In response to your question in the comment about reading the file, something like below:
Note that I am using early-binding (set reference to Microsoft Scripting Runtime), but you could also use late binding, especially if the code will be distributed.
Dim V
Dim fn As Variant
Dim FSO As FileSystemObject, TS As TextStream
fn = Application.GetOpenFilename("CSV Files(*.csv),*.csv")
If fn = False Then Exit Sub
Set FSO = New FileSystemObject
Set TS = FSO.OpenTextFile(fn, ForReading, False, TristateUseDefault)
V = Split(TS.ReadAll, vbNewLine)
V
will now contain a zero-based array where each element consists of one line/row from the csv
file.
Edit
In response to your question about storing the information in the Dictionary object, if you change your code to:
If Not dict.Exists(elements(1)) Then
Set collec = New Collection
collec.Add elements(0)
dict.Add (elements(1)), collec
Else
dict(elements(1)).Add elements(0)
End If
will store the time stamps associated with each userID.
If you assume that every user has an IN
, and that there is an OUT
for every IN
then you can just go through sequentially. But you'd be better off checking, and also storing the event type with the time, so as to avoid errors. Or storing the ts's in pairs (arrays) with the first element being IN and the second being OUT. pre-Sorting the data by USER ID, and then by TS, might be helpful as you would only need to check the line below for equality of user id, and an OUT event (after each IN event).
Edit2
I think the following will do what you want.
Although not necessary, I am using a class module as it makes documentation and modifications much simpler.
Here is the algorithm:
- Read the entire CSV file into a variant array
- Split on the newline character
- Write to a temporary worksheet
- sort on User ID, then on Time
- This should result in sequential IN/OUT if both exist
- Could write a VBA sort routine, but I don't happen to have a fast, "stable" one, and the Excel sorting is pretty flexible, as well as being stable and fast.
- With the sorted order, create a dictionary where the Key is a generated sequential number, and the item is a class object consisting of the User ID, TS IN and TS OUT
- have to check the next line to be sure there is an OUT that matches the IN for that user, otherwise, don't add it to the dictionary.

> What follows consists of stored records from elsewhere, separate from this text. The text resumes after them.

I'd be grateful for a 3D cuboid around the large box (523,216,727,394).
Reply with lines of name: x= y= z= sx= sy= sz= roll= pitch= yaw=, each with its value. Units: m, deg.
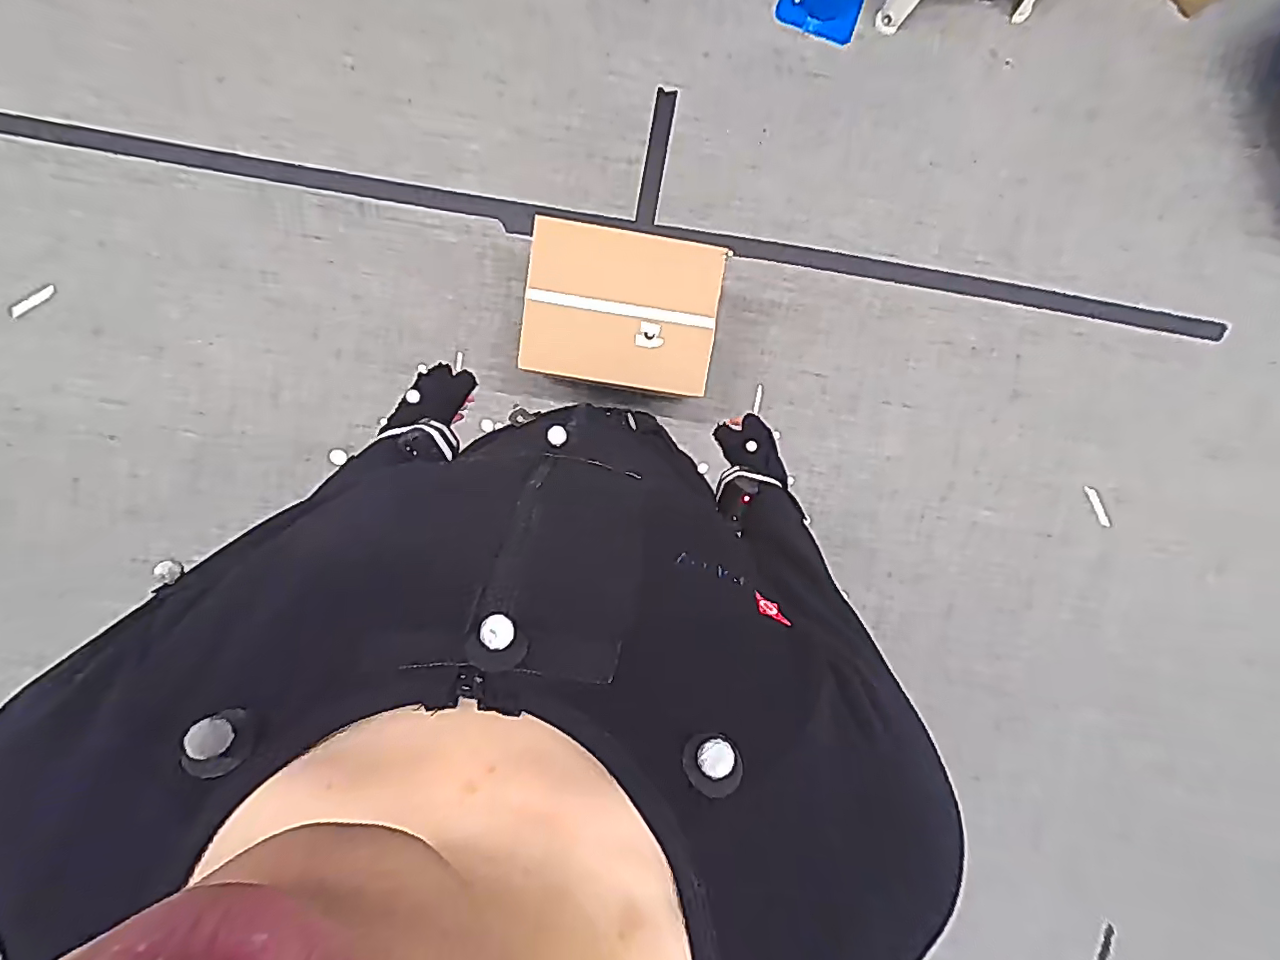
large box: x=-0.042 y=-0.386 z=1.280 sx=0.408 sy=0.320 sz=0.320 roll=8 pitch=98 yaw=-4
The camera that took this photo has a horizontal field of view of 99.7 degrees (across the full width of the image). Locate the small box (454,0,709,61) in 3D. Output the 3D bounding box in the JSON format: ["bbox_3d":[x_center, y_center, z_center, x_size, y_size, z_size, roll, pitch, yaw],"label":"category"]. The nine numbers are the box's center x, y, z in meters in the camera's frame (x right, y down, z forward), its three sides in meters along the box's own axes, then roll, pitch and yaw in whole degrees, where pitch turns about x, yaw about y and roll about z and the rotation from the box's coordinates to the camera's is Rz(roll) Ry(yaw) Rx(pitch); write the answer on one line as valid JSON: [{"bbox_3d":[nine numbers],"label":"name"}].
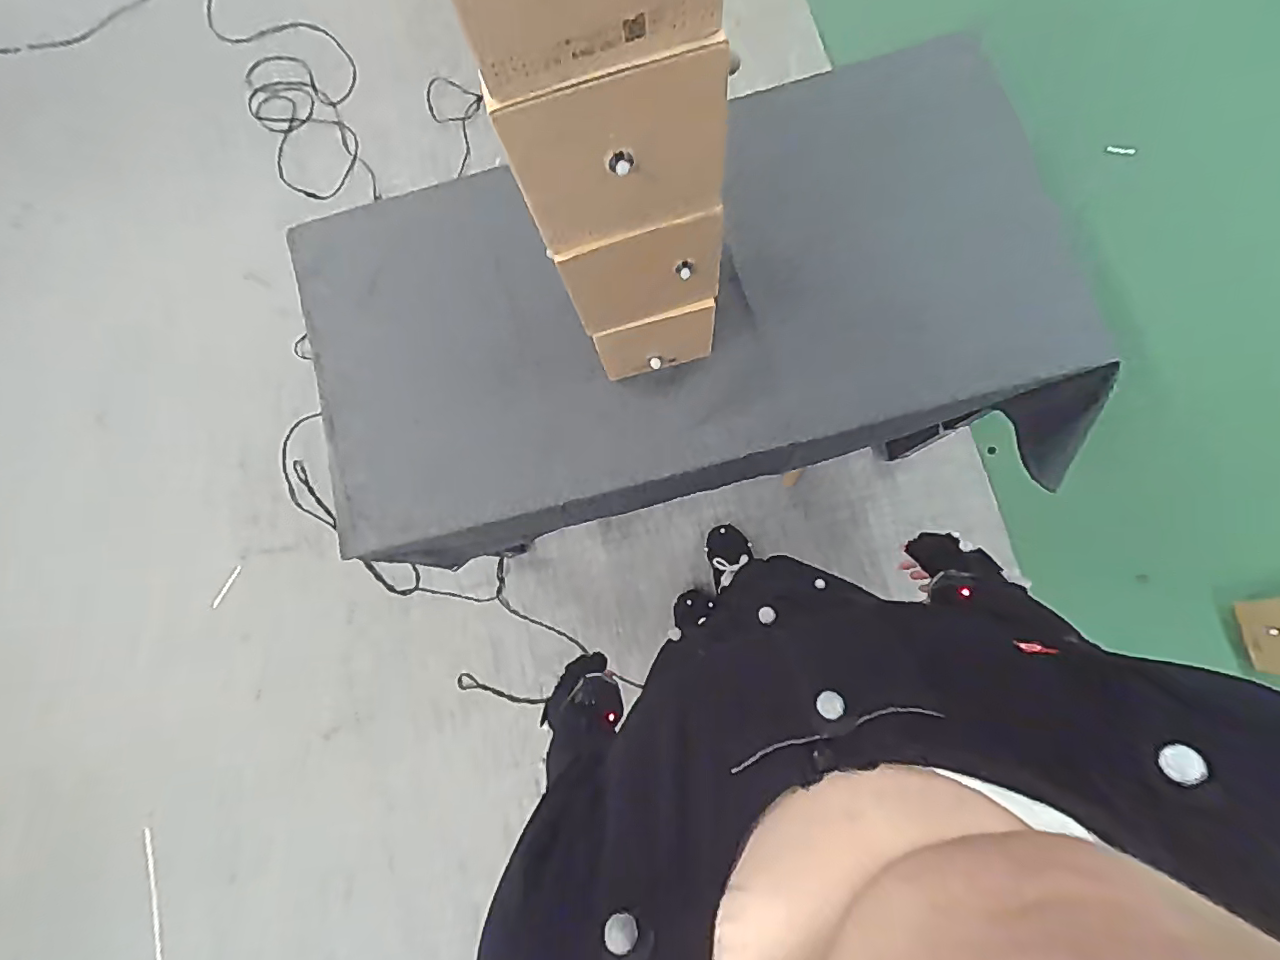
[{"bbox_3d":[-0.055,-0.384,0.304,0.168,0.176,0.179,-15,78,3],"label":"small box"}]

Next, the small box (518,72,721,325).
[{"bbox_3d":[-0.017,-0.305,0.619,0.179,0.176,0.168,-16,78,3],"label":"small box"}]

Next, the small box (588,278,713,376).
[{"bbox_3d":[0.002,-0.274,0.778,0.168,0.176,0.179,-14,79,3],"label":"small box"}]

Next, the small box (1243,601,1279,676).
[{"bbox_3d":[1.583,0.372,1.260,0.179,0.176,0.168,-9,79,3],"label":"small box"}]
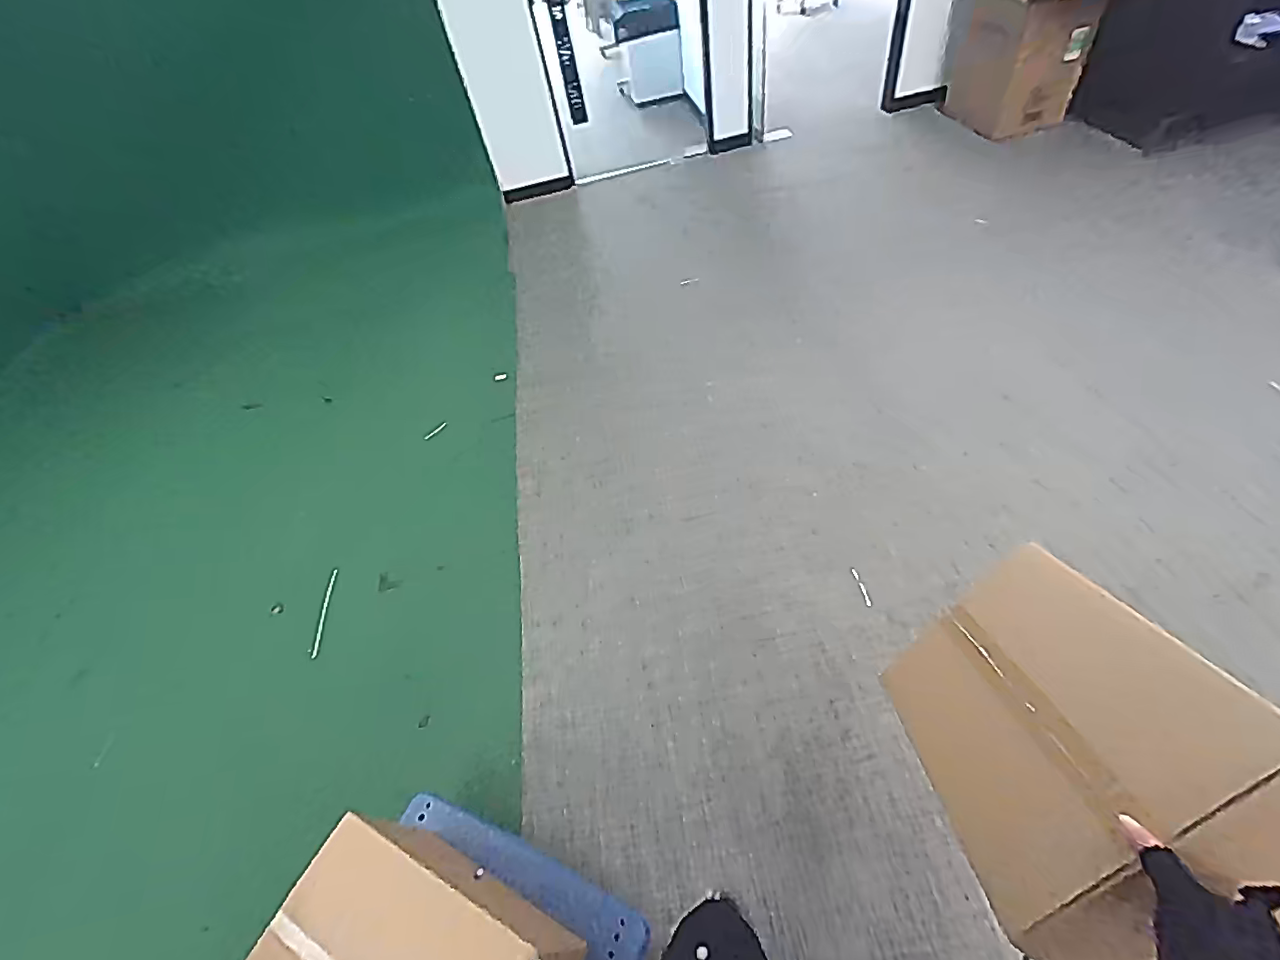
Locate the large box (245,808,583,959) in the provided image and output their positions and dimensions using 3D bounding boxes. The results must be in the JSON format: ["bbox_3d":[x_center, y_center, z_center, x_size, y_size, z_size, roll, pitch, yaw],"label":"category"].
[{"bbox_3d":[-0.363,0.810,0.881,0.408,0.320,0.320,17,57,22],"label":"large box"}]
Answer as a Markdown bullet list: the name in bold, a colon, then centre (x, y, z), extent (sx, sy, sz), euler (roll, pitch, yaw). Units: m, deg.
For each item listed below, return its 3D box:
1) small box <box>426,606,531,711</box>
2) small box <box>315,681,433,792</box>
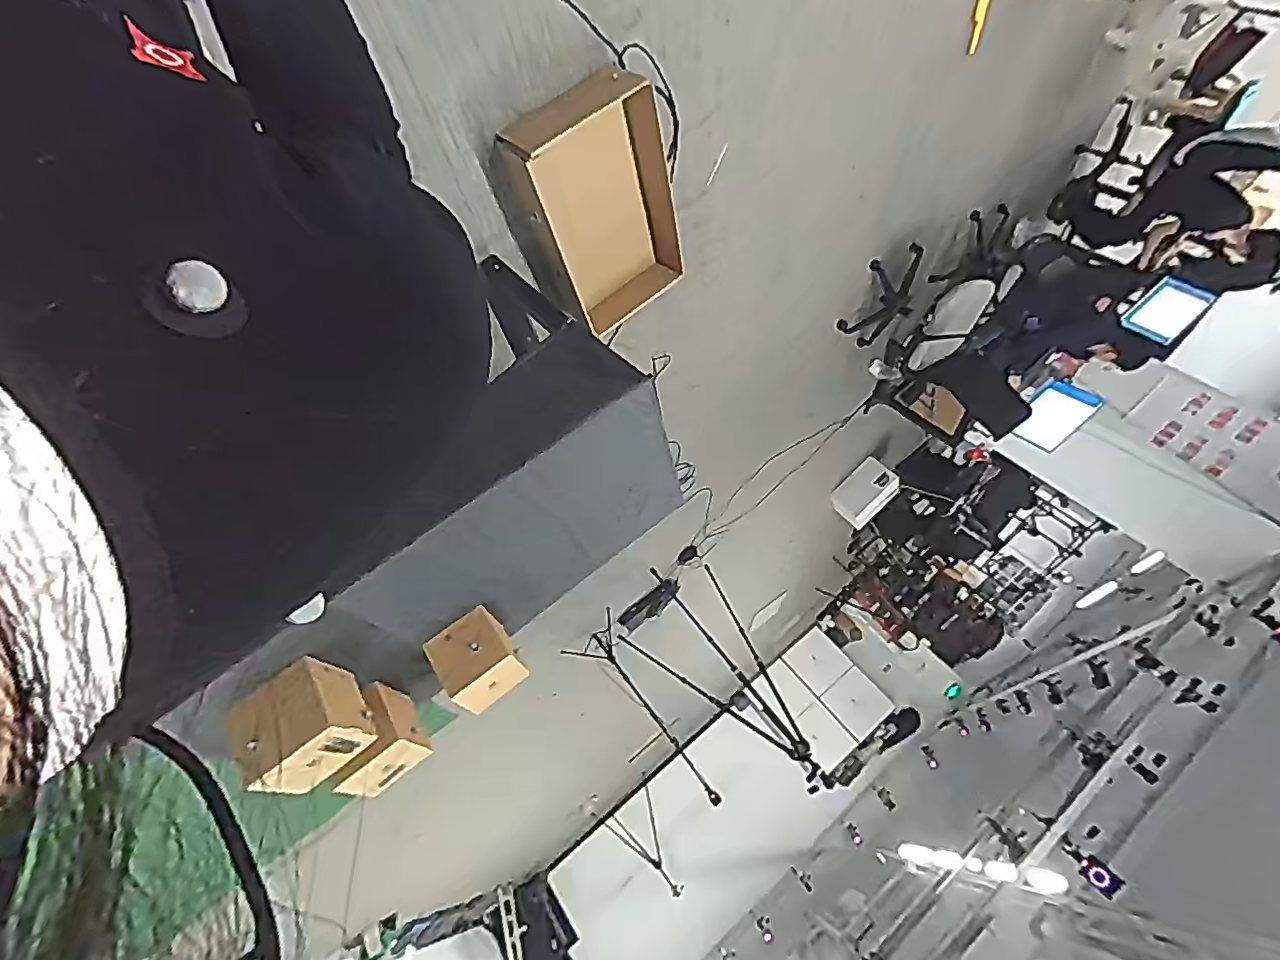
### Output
- **small box**: centre (-0.409, 0.447, 1.370), extent (0.168, 0.176, 0.179), euler (-35, 149, -15)
- **small box**: centre (-0.635, 0.613, 1.298), extent (0.168, 0.176, 0.179), euler (-36, 148, -15)
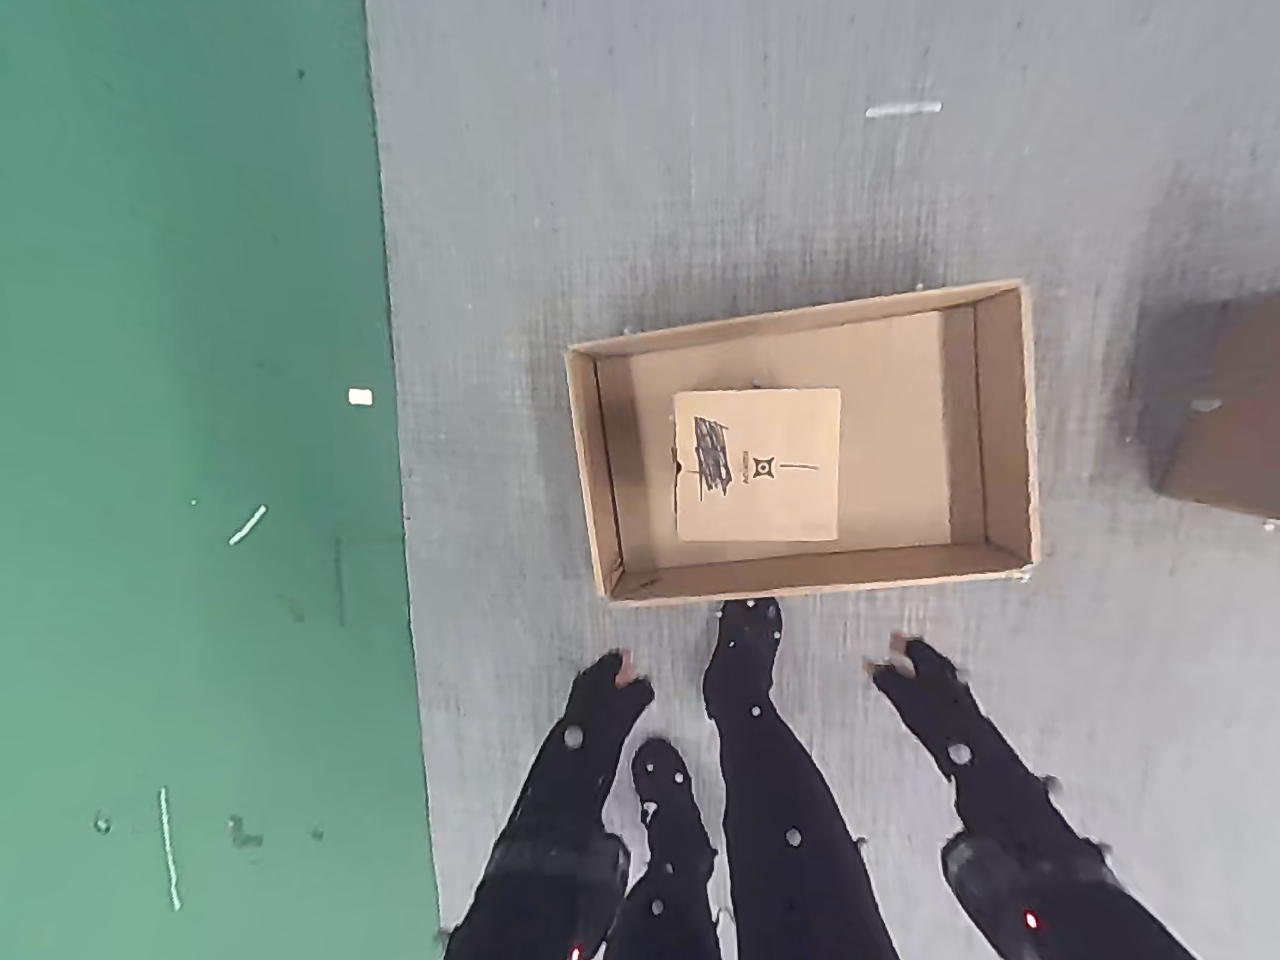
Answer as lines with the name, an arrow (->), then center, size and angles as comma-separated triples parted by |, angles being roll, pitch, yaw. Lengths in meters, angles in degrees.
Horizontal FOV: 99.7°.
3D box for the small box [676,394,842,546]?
small box -> 0.136, -0.020, 0.664 | 0.179, 0.176, 0.168 | -1, 99, 6
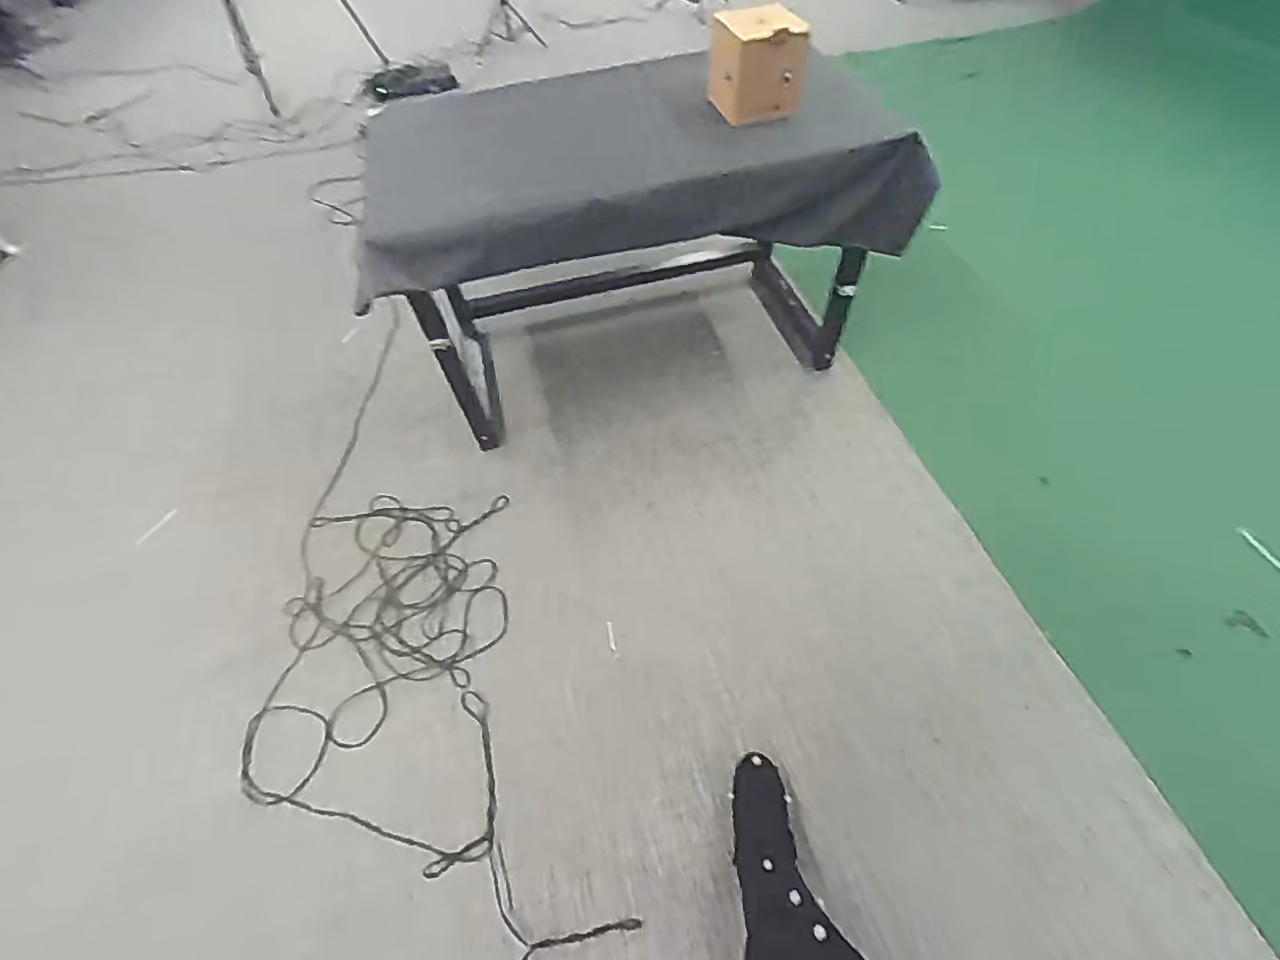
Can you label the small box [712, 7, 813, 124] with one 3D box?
[{"bbox_3d":[0.271,-0.942,1.239,0.168,0.176,0.179,-15,55,-7],"label":"small box"}]
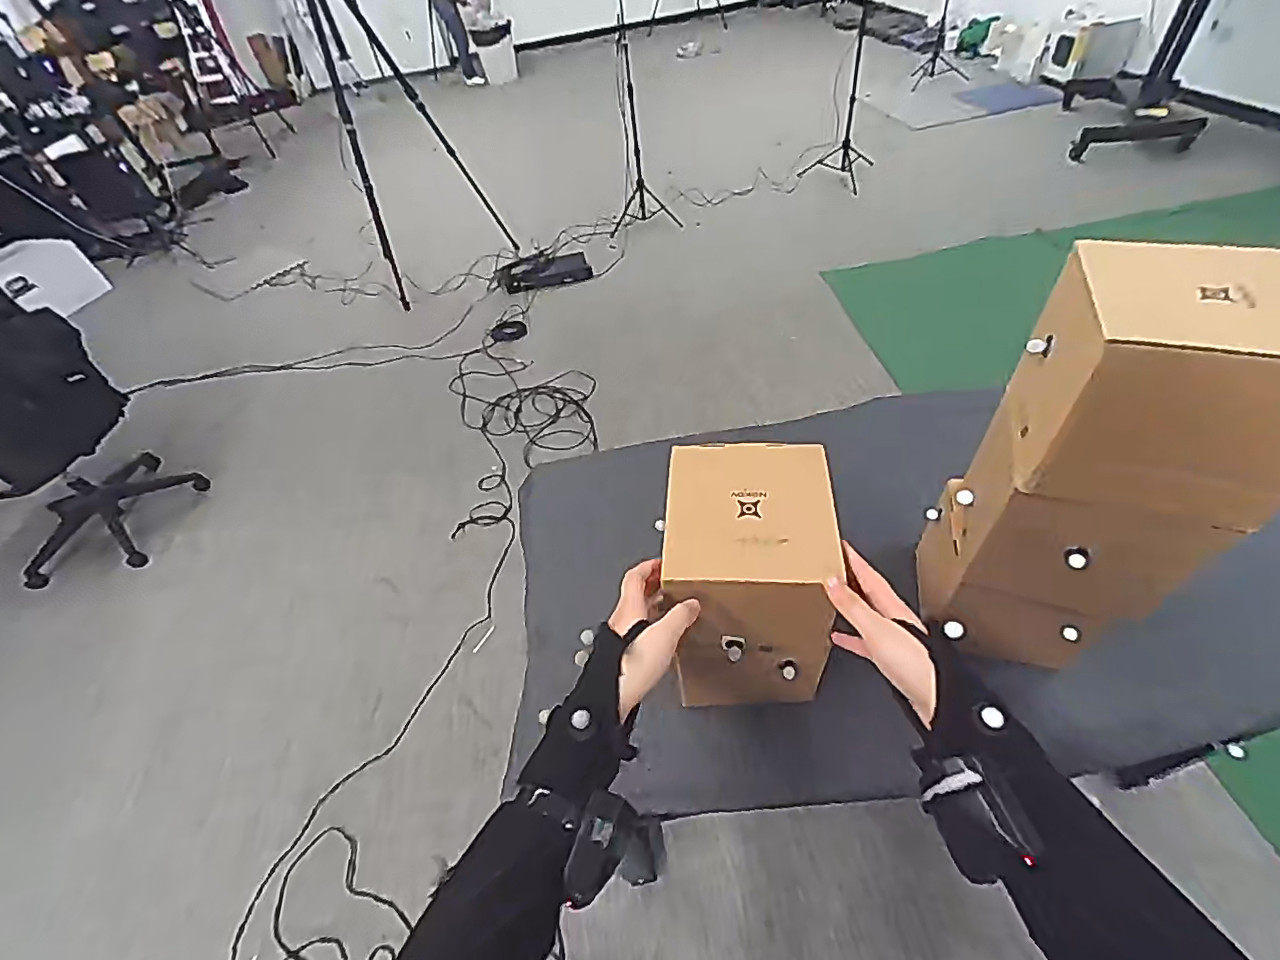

- Create results worksheets - one for all the data, and one for each month.
- Write the results to the results worksheet. Include a column for the monthIN (see the Class module for that calculation)
- Filter the results to populate the Months worksheets
Class Module
'**RENAME**: cUser
Option Explicit
Private puserID As String
Private ptmIN As Long
Private ptmOUT As Long
Public Property Get userID() As String
userID = puserID
End Property
Public Property Let userID(value As String)
puserID = value
End Property
Public Property Get tmIN()
If ptmIN = 0 Then
tmIN = ""
Else
tmIN = ptmIN
End If
End Property
Public Property Let tmIN(value)
ptmIN = value
End Property
Public Property Get tmOUT()
If ptmOUT = 0 Then
tmOUT = ""
Else
tmOUT = ptmOUT
End If
End Property
Public Property Let tmOUT(value)
ptmOUT = value
End Property
Public Property Get monthIN() As Long
monthIN = Month(DateAdd("s", Me.tmIN, DateSerial(1970, 1, 1)))
End Property
Public Property Get monthOUT() As Long
monthOUT = Month(DateAdd("s", Me.tmOUT, DateSerial(1970, 1, 1)))
End Property
Regular Module
Option Explicit
Sub inOUT()
Dim FSO As FileSystemObject, TS As TextStream
Dim dU As Dictionary, cU As cUser
Dim fn As Variant
Dim vSrc, vRes, V
Dim I As Long, J As Long
Dim sKey As String
Dim wb As Workbook, ws As Worksheet, r As Range
Dim wsRes As Worksheet, wsMonth(1 To 12) As Worksheet, rMonth As Range
Dim eventID As Long
'Read file
fn = Application.GetOpenFilename("Text File (*.txt;*.csv), *.txt;*.csv")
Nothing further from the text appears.